文化財活用センター〈ぶんかつ〉と東京国立博物館(トーハク)は1月31日から、通年で鑑賞できる展示室「デジタル法隆寺宝物館」を、東京国立博物館 法隆寺宝物館に開室する。

  • 「デジタル法隆寺宝物館」メインビジュアル

同展示室では、常時展示がかなわない法隆寺ゆかりの名宝を、デジタルコンテンツや複製でくわしく鑑賞、体験する展示室。展示は半年毎に展示内容を変えて実施する。1月31日の開室後半年間は、法隆寺献納宝物(東京国立博物館蔵)である国宝「聖徳太子絵伝」を、8月1日からは「法隆寺金堂壁画」(奈良・法隆寺蔵)をテーマに展示する。

1月31日から半年間開催する国宝「聖徳太子絵伝」のデジタルコンテンツ<8Kで文化財 国宝「聖徳太子絵伝」>では、かつて奈良・法隆寺の絵殿という建物の内側を飾っていた国宝「聖徳太子絵伝」の高精細画像を、大型8Kモニターで映し出す。

「聖徳太子絵伝」は、1面およそ縦1.9m×横1.5mの画面を横に並べた計10面からなる大画面絵画法隆寺献納宝物。

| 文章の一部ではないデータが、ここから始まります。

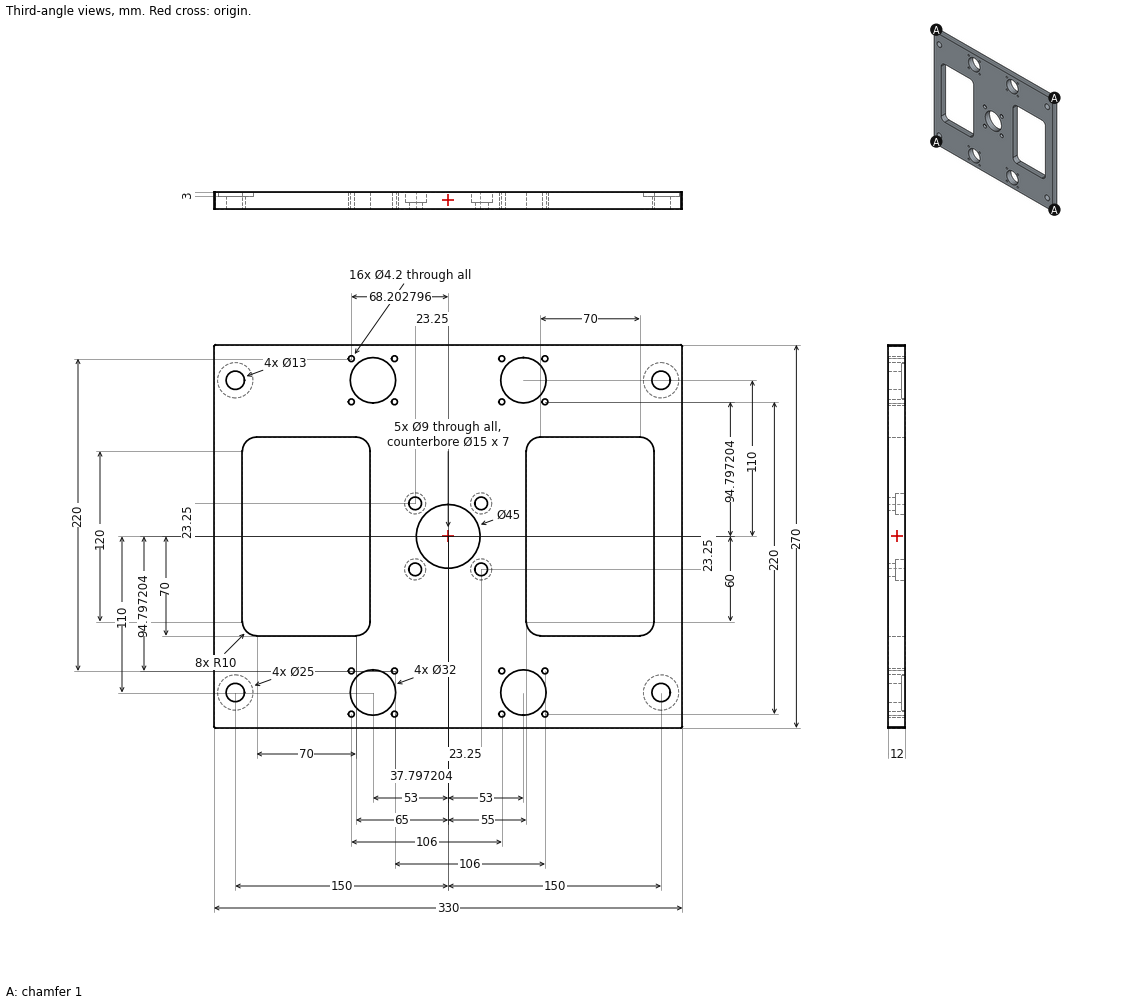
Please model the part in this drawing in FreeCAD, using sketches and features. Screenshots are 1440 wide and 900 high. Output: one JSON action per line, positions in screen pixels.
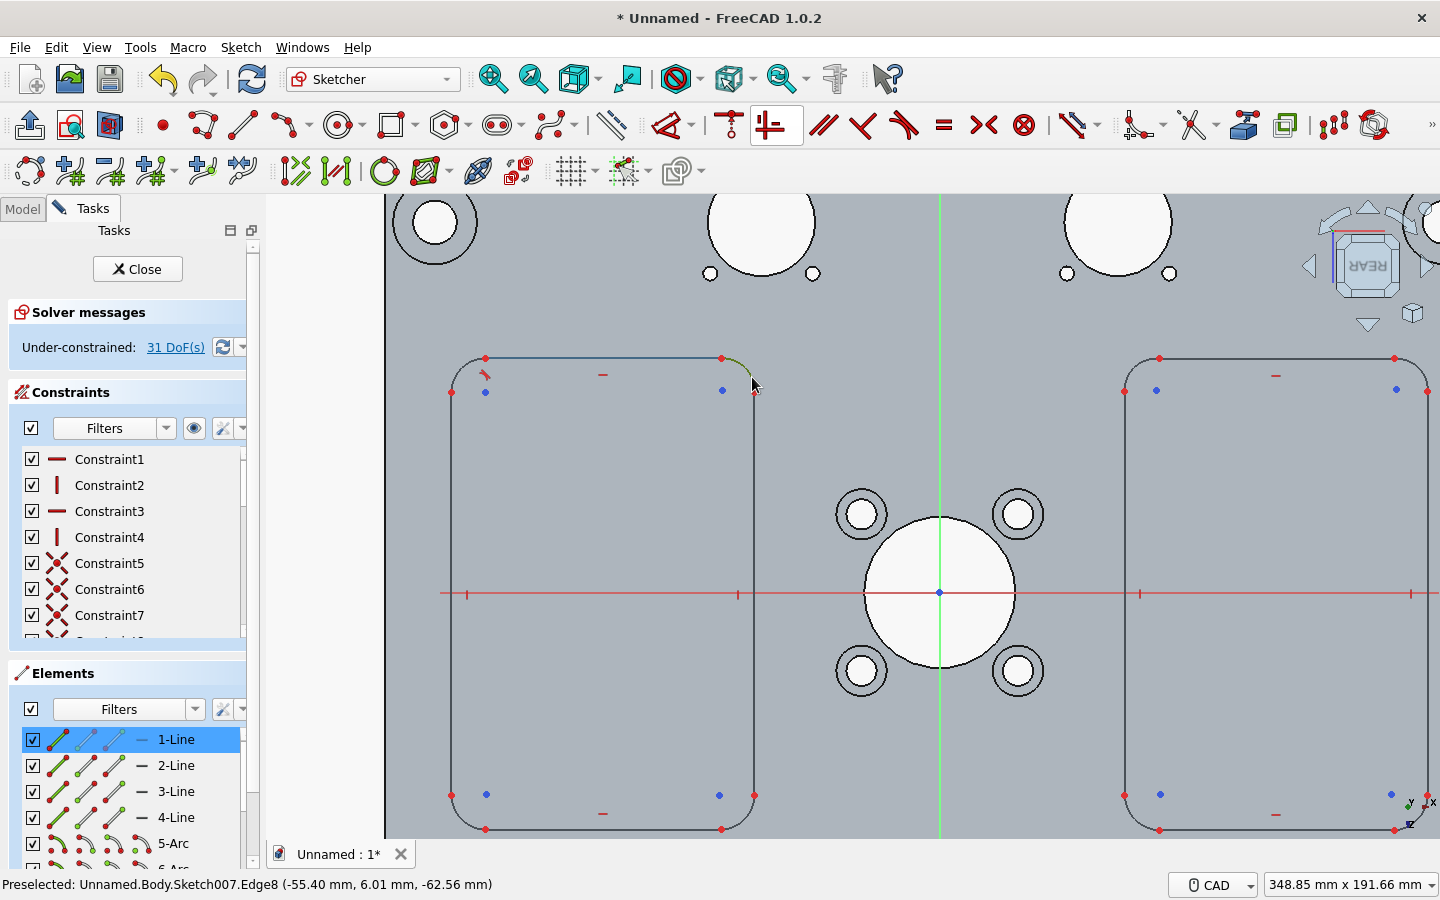
{"action": "left_click", "coordinate": [904, 126]}

数ある聖徳太子絵伝のなかでもっとも古く、初期やまと絵の代表作にあげられるが、長い年月を経て画面のいたみがひどく、肉眼で細部まで鑑賞することはできないという。

  • 8Kで文化財 国宝「聖徳太子絵伝」>操作画面

デジタルコンテンツ<8Kで文化財 国宝「聖徳太子絵伝」>は、同作品の高精細画像を、大型8Kモニターに映し出すアプリケーション。鑑賞者自身の操作により、2面で36億画素という画像データがリアルタイムに処理され、70インチ8Kモニターに表示される。拡大することで、肉眼では見えない聖徳太子の表情までも、詳細に確認することができる。

  • 11歳、雲のように空に浮かぶ(第1面)/国宝「聖徳太子絵伝」(部分)

国宝「聖徳太子絵伝」原寸大グラフィックパネル(複製)も展示。

  • 国宝「聖徳太子絵伝」原寸大グラフィックパネル

また、飛鳥時代に大陸から伝来した伎楽で使われた仮面や装束の本来の姿を再現して展示する。現存する伎楽面のほとんどが奈良時代の作であるのに対し、法隆寺献納宝物の伎楽面には、それより古い飛鳥時代の作が含まれている。東京国立博物館と文化財活用センターは、現存する資料から色やかたちについての検討を重ね、本来の姿を再現した伎楽面と伎楽装束を製作した。

  • 復元模造 伎楽面・伎楽装束 ※半年毎に展示替、ケース内展示

総合文化展観覧料は、一般1,000円、大学生500円、高校生以下および満18歳未満、満70歳以上は無料。

8月1日からは「法隆寺金堂壁画」をテーマに、臨場感あふれるグラフィックパネル(複製)と、大型8Kモニターで絵の詳細まで自在に鑑賞できるデジタルコンテンツを展示する。